Шрифт:
Этот вечер выдался скучным. Рон и Гарри играли в волшебные шахматы, Гермиона читала оставленную ей по наследству от Дамблдора книгу. Я сидела у окна, зевая, а Сириус, кажется, был в своей комнате. Пускай и скучна была эта картина, но она чем-то напоминала семейную идиллию, домашний очаг. Интересно, зачем Пожирателям обрывок фотографии и письма от матери Гарри к Сириусу? Ведь только Снейп мог войти в этот дом, что он искал и как преодолел чары, защищающие дом от него самого? Удивительная, таинственная, загадочная личность.
Тоска, сковывающая тонкие струнки души где-то глубоко внутри, овладела мной. Почему я думаю о нем, почему жалею, стараюсь понять и почему каждый раз убеждаю себя, что он этого не заслуживает? Эта история съедала меня, словно неверие когда-то в причастность к Лорду Игоря, сердце все равно находило оправдания всем, что за мать милосердия?
Анна, сними же ты, наконец, эти розовые очки, все твои рассуждения бессмысленны, эти два человека, абсолютно темных предателя, которые не должны иметь места в твоем сердце. Северус… Ты самый низкий, жалкий, скользкий тип, предатель и убийца, исчезни из головы!
Я отправилась наверх в свою спальню где-то к полуночи. Соседняя дверь не была заперта, и черт меня дернул заглянуть за нее. Сириус сидел в кресле перед камином, разглядывая что-то, похожее на фотоальбом. Дверь тихонько скрипнула от того, что я задела ее плечом. Сириус машинально поднял взгляд и увидел мое стыдливое лицо в проеме.
— Подглядывать нехорошо, — с улыбкой сказал он, убирая книгу с колен.
Я узнала альбом, он принадлежал Гарри, который рассказывал, что Хагрид подарил его в первый учебный год.

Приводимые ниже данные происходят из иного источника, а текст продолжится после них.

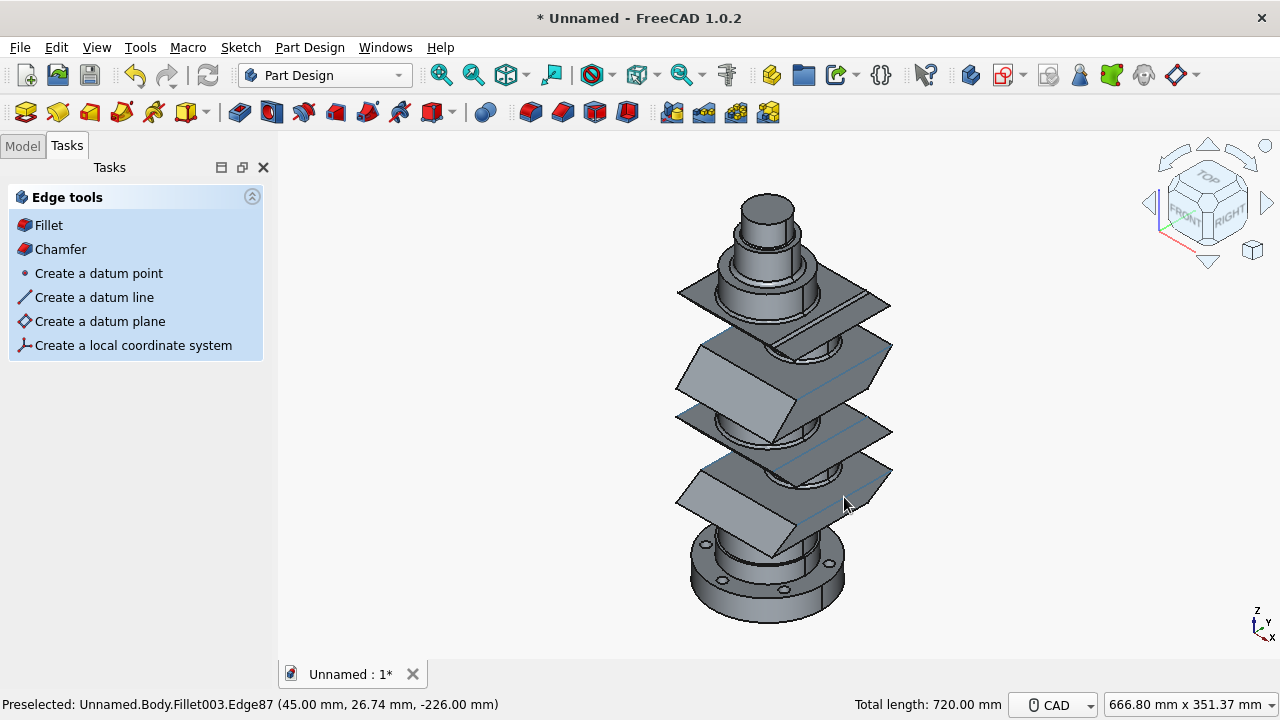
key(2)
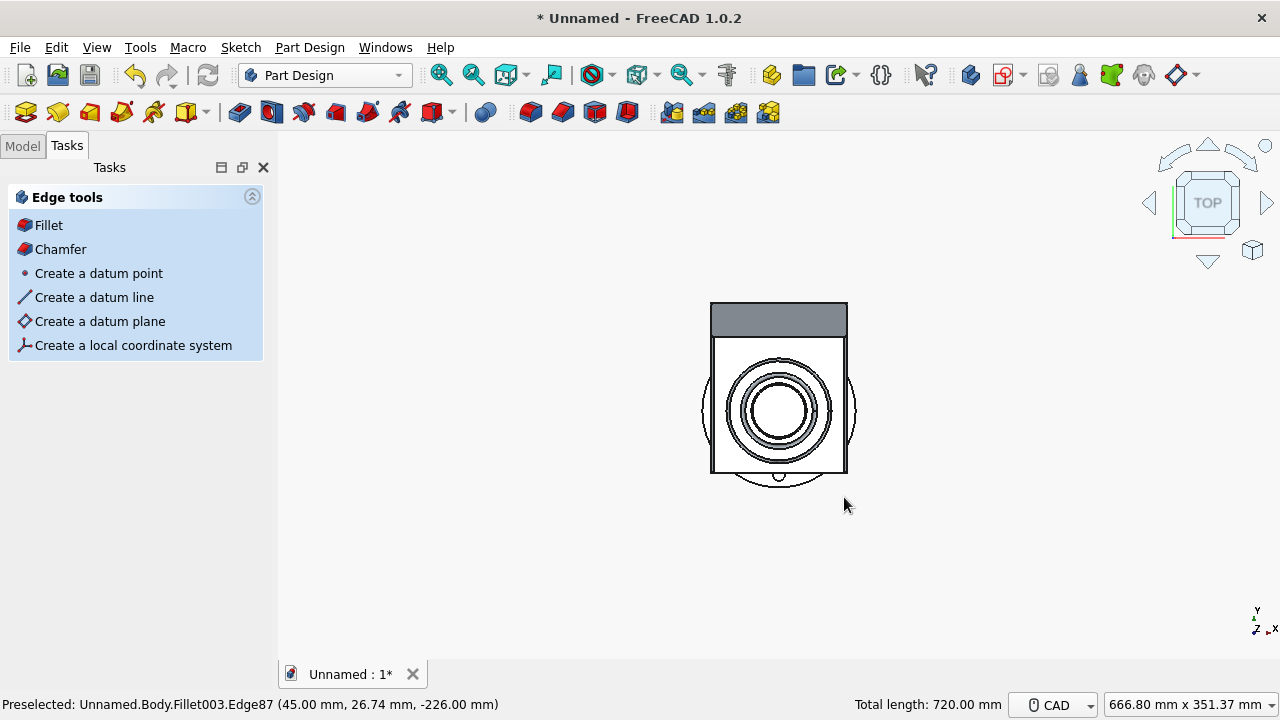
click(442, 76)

— Входи, — властно приказал Сириус.
Я всё ещё не решалась, но он встал сам и, подойдя, открыл дверь, втянул меня внутрь, затем прислонил к стене. Его рука скользнула по моей щеке, гладкими прикосновениями Сириус взял меня за подбородок, медленно притягивая к себе. Зачем я пришла? Я ведь не готова к этому… Но он уже коснулся моих губ, которые не двигались. Я не хотела его поцелуев, почему? Еще недавно я жаждала их с неистовой силой. Он стал ласкать шею, так нежно, что тело постепенно стало поддаваться. Я не могла сдержаться и, потихоньку сдаваясь, начала отвечать на его поцелуи. Он поднял меня на руки и отнес к кровати, смахнул какие-то клочки бумаги, поднимая одеяло, и уложил на простыни.

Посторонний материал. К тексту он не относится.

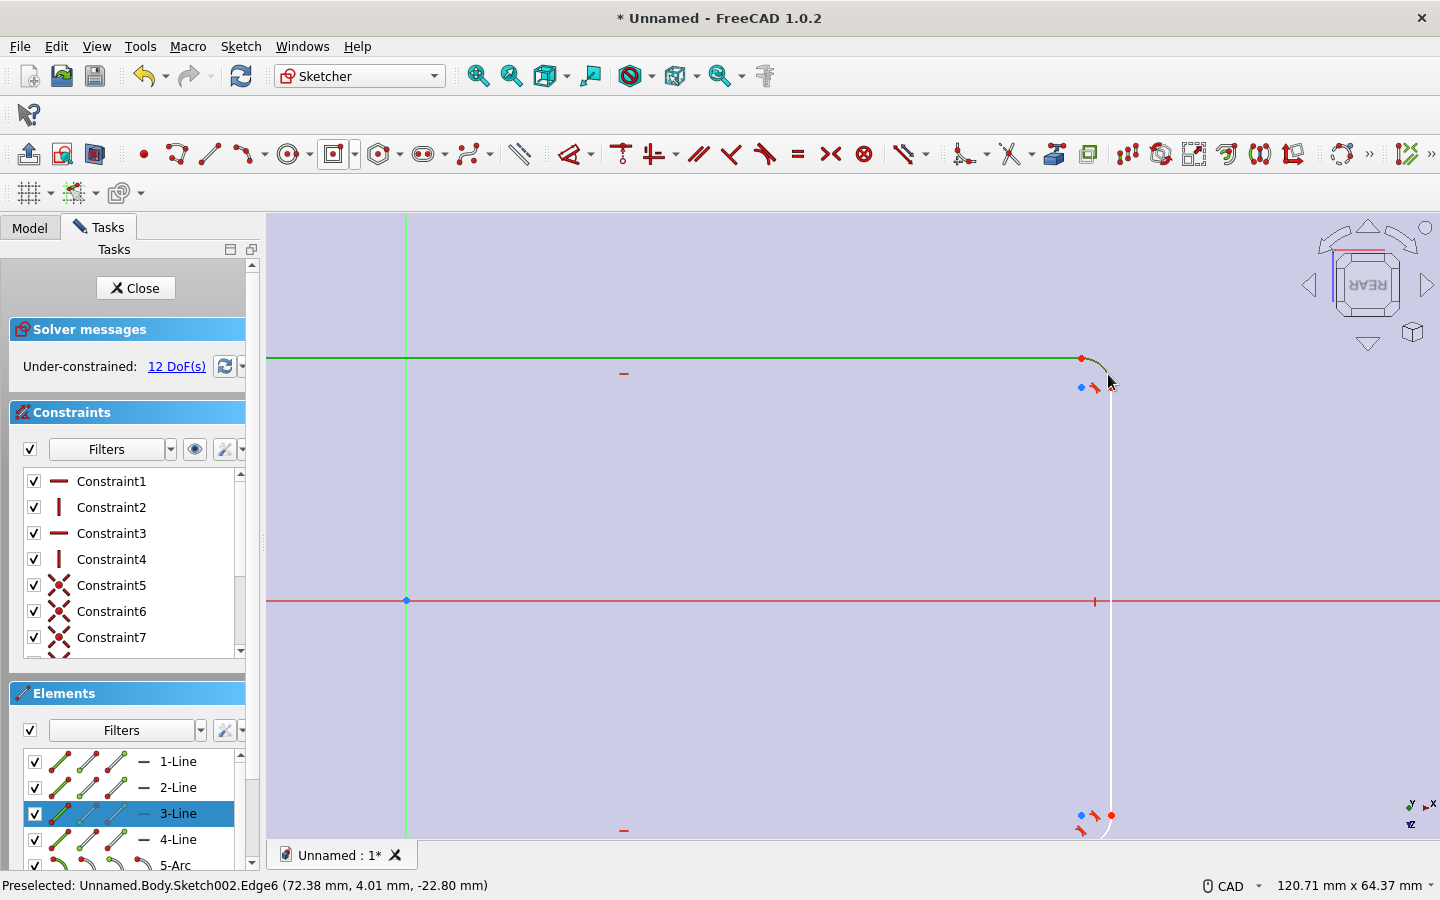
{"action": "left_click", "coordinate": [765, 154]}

«Нет, прекрати Анна! Что ты себе позволяешь?» — шептал голос в сознании, но я уже не могла оторваться, чувствуя тепло, флюидами исходящее от его души. Этот жар обволакивал, согревал. Рубашка соскользнула с моего тела, Сириус раздевал меня медленно, покрывая каждый дюйм кожи поцелуями. Тело отзывалось, но душа не чувствовала ничего, лишь чувство обреченности. Совесть протестовала. Это не могло быть насилием, ведь я отвечала на его ласки, роясь в его волосах пальцами, сжимая спину, целуя плечи и губы. Душа металась от наслаждения к гильотине...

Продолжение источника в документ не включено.